- **About this exercise**:
Scan the listing for the word "scene" and give the number of lines where it appears, with no other text.

- **Working data**:
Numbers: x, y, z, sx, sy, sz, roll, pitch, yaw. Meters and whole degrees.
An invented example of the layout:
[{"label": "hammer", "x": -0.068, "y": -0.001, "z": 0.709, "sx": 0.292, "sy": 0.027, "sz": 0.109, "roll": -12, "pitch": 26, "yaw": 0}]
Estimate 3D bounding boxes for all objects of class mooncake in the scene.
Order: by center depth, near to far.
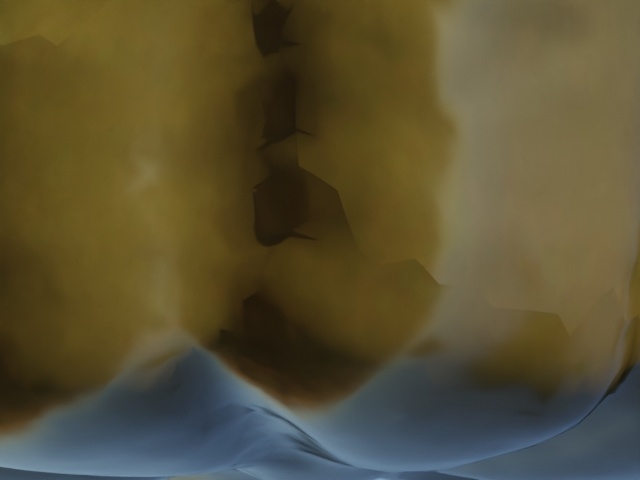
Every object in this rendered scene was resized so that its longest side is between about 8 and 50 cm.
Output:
[{"label": "mooncake", "x": 0.000, "y": 0.000, "z": 0.968, "sx": 0.467, "sy": 0.467, "sz": 0.262, "roll": 152, "pitch": -58, "yaw": -68}]

- **Written response**:
2